RDHonest: Honest inference in RD
In kolesarm/RDHonest: Honest Inference in Regression Discontinuity Designs

RDHonest

R Documentation

Honest inference in RD

Description

Calculate estimators and bias-aware CIs for the sharp or fuzzy RD parameter, or for value of the conditional mean at a point.

Usage

RDHonest(
  formula,
  data,
  subset,
  weights,
  cutoff = 0,
  M,
  kern = "triangular",
  na.action,
  opt.criterion = "MSE",
  h,
  se.method = "nn",
  alpha = 0.05,
  beta = 0.8,
  J = 3,
  sclass = "H",
  T0 = 0,
  point.inference = FALSE,
  sigmaY2,
  sigmaD2,
  sigmaYD,
  clusterid
)

Arguments

`formula`	an object of class `"formula"` (or one that can be coerced to that class).
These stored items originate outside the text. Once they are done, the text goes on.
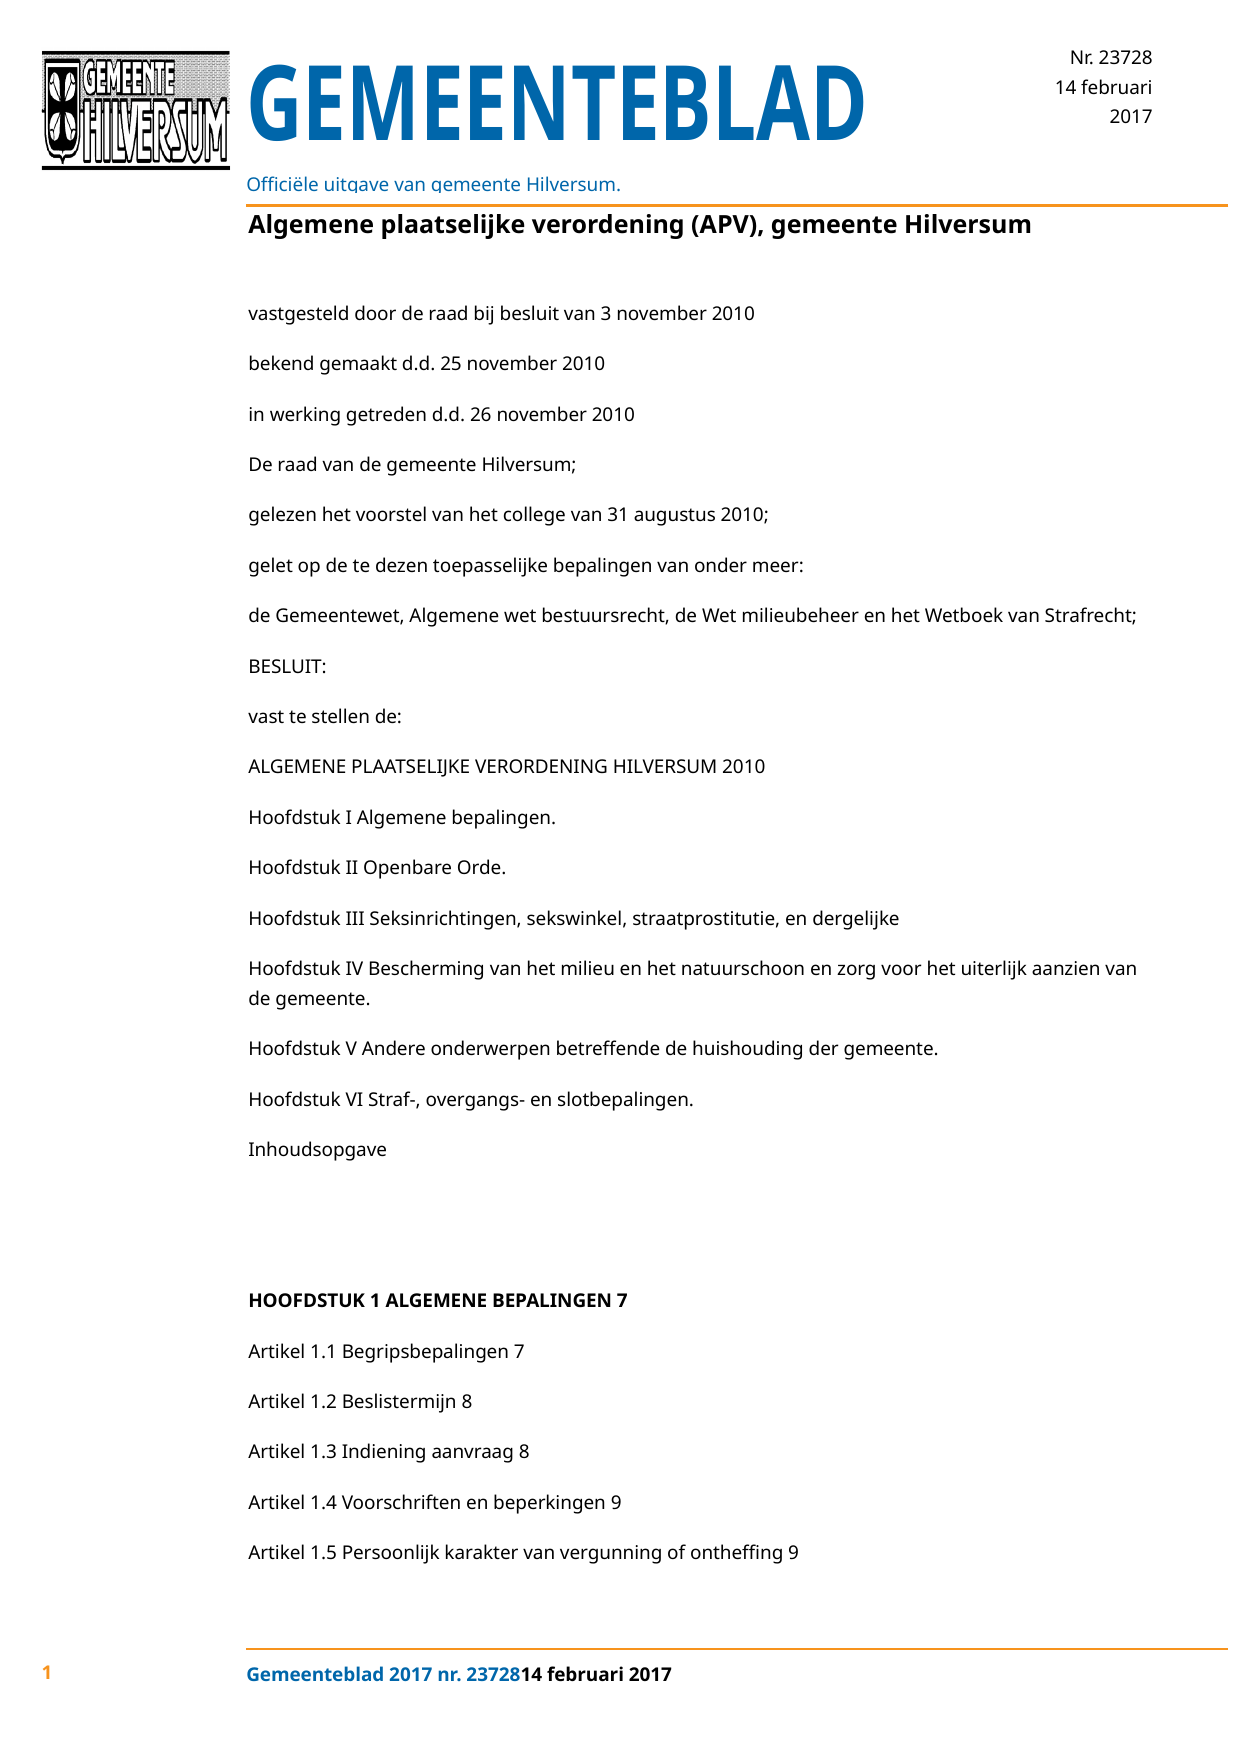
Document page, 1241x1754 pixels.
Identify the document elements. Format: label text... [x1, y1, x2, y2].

text BESLUIT: [248, 653, 1152, 678]
text Algemene plaatselijke verordening (APV), gemeente Hilversum [248, 207, 1152, 241]
text Hoofdstuk III Seksinrichtingen, sekswinkel, straatprostitutie, en dergelijke [248, 905, 1152, 931]
text gelezen het voorstel van het college van 31 augustus 2010; [248, 502, 1152, 527]
text Hoofdstuk II Openbare Orde. [248, 854, 1152, 880]
text Inhoudsopgave [248, 1136, 1152, 1162]
text Artikel 1.5 Persoonlijk karakter van vergunning of ontheffing 9 [248, 1539, 1152, 1565]
text Hoofdstuk VI Straf-, overgangs- en slotbepalingen. [248, 1086, 1152, 1111]
text in werking getreden d.d. 26 november 2010 [248, 401, 1152, 426]
text Artikel 1.4 Voorschriften en beperkingen 9 [248, 1489, 1152, 1515]
text Artikel 1.1 Begripsbepalingen 7 [248, 1338, 1152, 1363]
text vast te stellen de: [248, 703, 1152, 729]
text vastgesteld door de raad bij besluit van 3 november 2010 [248, 300, 1152, 326]
text Artikel 1.3 Indiening aanvraag 8 [248, 1439, 1152, 1464]
text gelet op de te dezen toepasselijke bepalingen van onder meer: [248, 552, 1152, 578]
text Hoofdstuk V Andere onderwerpen betreffende de huishouding der gemeente. [248, 1035, 1152, 1061]
text ALGEMENE PLAATSELIJKE VERORDENING HILVERSUM 2010 [248, 754, 1152, 779]
text Hoofdstuk I Algemene bepalingen. [248, 804, 1152, 830]
text HOOFDSTUK 1 ALGEMENE BEPALINGEN 7 [248, 1287, 1152, 1313]
text bekend gemaakt d.d. 25 november 2010 [248, 350, 1152, 376]
text Artikel 1.2 Beslistermijn 8 [248, 1388, 1152, 1414]
text Hoofdstuk IV Bescherming van het milieu en het natuurschoon en zorg voor het uiterlijk aanzien van de gemeente. [248, 955, 1152, 1011]
picture [41, 47, 231, 172]
text de Gemeentewet, Algemene wet bestuursrecht, de Wet milieubeheer en het Wetboek van Strafrecht; [248, 602, 1152, 628]
text De raad van de gemeente Hilversum; [248, 451, 1152, 477]
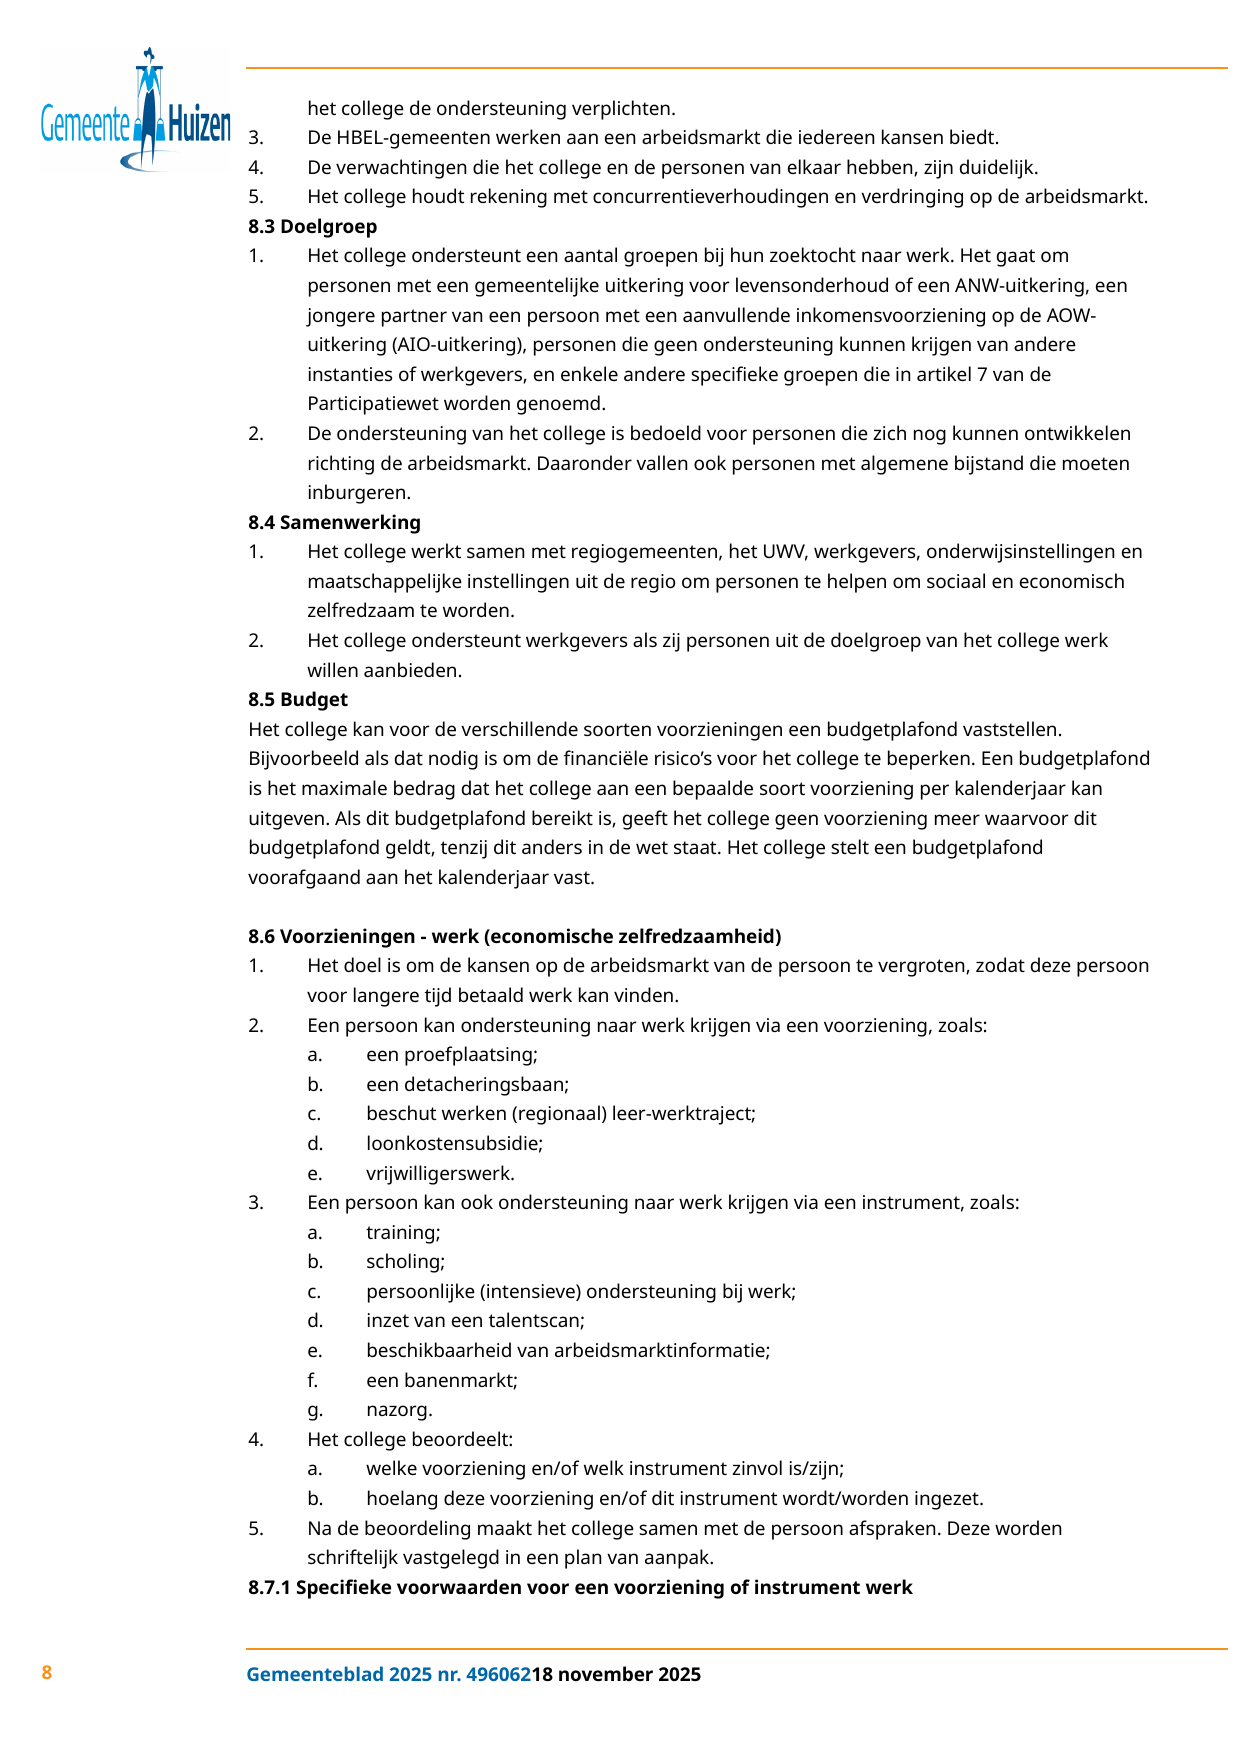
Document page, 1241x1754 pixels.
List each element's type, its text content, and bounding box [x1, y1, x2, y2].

list welke voorziening en/of welk instrument zinvol is/zijn; [307, 1456, 1152, 1481]
list persoonlijke (intensieve) ondersteuning bij werk; [307, 1278, 1152, 1304]
list Het college beoordeelt: [248, 1426, 1152, 1452]
list scholing; [307, 1248, 1152, 1274]
list Het doel is om de kansen op de arbeidsmarkt van de persoon te vergroten, zodat deze persoon voor langere tijd betaald werk kan vinden. [248, 953, 1152, 1008]
list Het college werkt samen met regiogemeenten, het UWV, werkgevers, onderwijsinstellingen en maatschappelijke instellingen uit de regio om personen te helpen om sociaal en economisch zelfredzaam te worden. [248, 538, 1152, 623]
list een detacheringsbaan; [307, 1071, 1152, 1097]
list vrijwilligerswerk. [307, 1160, 1152, 1186]
list Een persoon kan ondersteuning naar werk krijgen via een voorziening, zoals: [248, 1012, 1152, 1038]
list een proefplaatsing; [307, 1041, 1152, 1067]
list De verwachtingen die het college en de personen van elkaar hebben, zijn duidelijk. [248, 154, 1152, 180]
list De HBEL-gemeenten werken aan een arbeidsmarkt die iedereen kansen biedt. [248, 124, 1152, 150]
text 8.6 Voorzieningen - werk (economische zelfredzaamheid) [248, 923, 1152, 949]
list Na de beoordeling maakt het college samen met de persoon afspraken. Deze worden schriftelijk vastgelegd in een plan van aanpak. [248, 1515, 1152, 1570]
list Het college ondersteunt een aantal groepen bij hun zoektocht naar werk. Het gaat om personen met een gemeentelijke uitkering voor levensonderhoud of een ANW-uitkering, een jongere partner van een persoon met een aanvullende inkomensvoorziening op de AOW-uitkering (AIO-uitkering), personen die geen ondersteuning kunnen krijgen van andere instanties of werkgevers, en enkele andere specifieke groepen die in artikel 7 van de Participatiewet worden genoemd. [248, 243, 1152, 416]
picture [41, 47, 231, 172]
text 8.7.1 Specifieke voorwaarden voor een voorziening of instrument werk [248, 1574, 1152, 1600]
text Het college kan voor de verschillende soorten voorzieningen een budgetplafond vaststellen. Bijvoorbeeld als dat nodig is om de financiële risico’s voor het college te beperken. Een budgetplafond is het maximale bedrag dat het college aan een bepaalde soort voorziening per kalenderjaar kan uitgeven. Als dit budgetplafond bereikt is, geeft het college geen voorziening meer waarvoor dit budgetplafond geldt, tenzij dit anders in de wet staat. Het college stelt een budgetplafond voorafgaand aan het kalenderjaar vast. [248, 716, 1152, 890]
text 8.3 Doelgroep [248, 213, 1152, 239]
list beschikbaarheid van arbeidsmarktinformatie; [307, 1337, 1152, 1363]
list nazorg. [307, 1396, 1152, 1422]
list het college de ondersteuning verplichten. [248, 95, 1152, 121]
list Het college ondersteunt werkgevers als zij personen uit de doelgroep van het college werk willen aanbieden. [248, 627, 1152, 683]
list een banenmarkt; [307, 1367, 1152, 1393]
list Het college houdt rekening met concurrentieverhoudingen en verdringing op de arbeidsmarkt. [248, 183, 1152, 209]
list hoelang deze voorziening en/of dit instrument wordt/worden ingezet. [307, 1485, 1152, 1511]
list training; [307, 1219, 1152, 1245]
list inzet van een talentscan; [307, 1308, 1152, 1333]
text 8.4 Samenwerking [248, 509, 1152, 535]
list De ondersteuning van het college is bedoeld voor personen die zich nog kunnen ontwikkelen richting de arbeidsmarkt. Daaronder vallen ook personen met algemene bijstand die moeten inburgeren. [248, 420, 1152, 505]
list beschut werken (regionaal) leer-werktraject; [307, 1101, 1152, 1126]
list loonkostensubsidie; [307, 1130, 1152, 1156]
text 8.5 Budget [248, 686, 1152, 712]
list Een persoon kan ook ondersteuning naar werk krijgen via een instrument, zoals: [248, 1189, 1152, 1215]

The formula syntax is `outcome ~ running_variable` for inference at a point. For sharp RD, it is `outcome ~ running_variable` if there are no covariates, or `outcome ~ running_variable \| covariates` if covariates are present. For fuzzy RD, it is `outcome \| treatment ~ running_variable \| covariates`, with `covariates` optional.
`data`	optional data frame, list or environment (or object coercible by `as.data.frame` to a data frame) containing the outcome and running variables in the model. If not found in `data`, the variables are taken from `environment(formula)`, typically the environment from which the function is called.
`subset`	optional vector specifying a subset of observations to be used in the fitting process.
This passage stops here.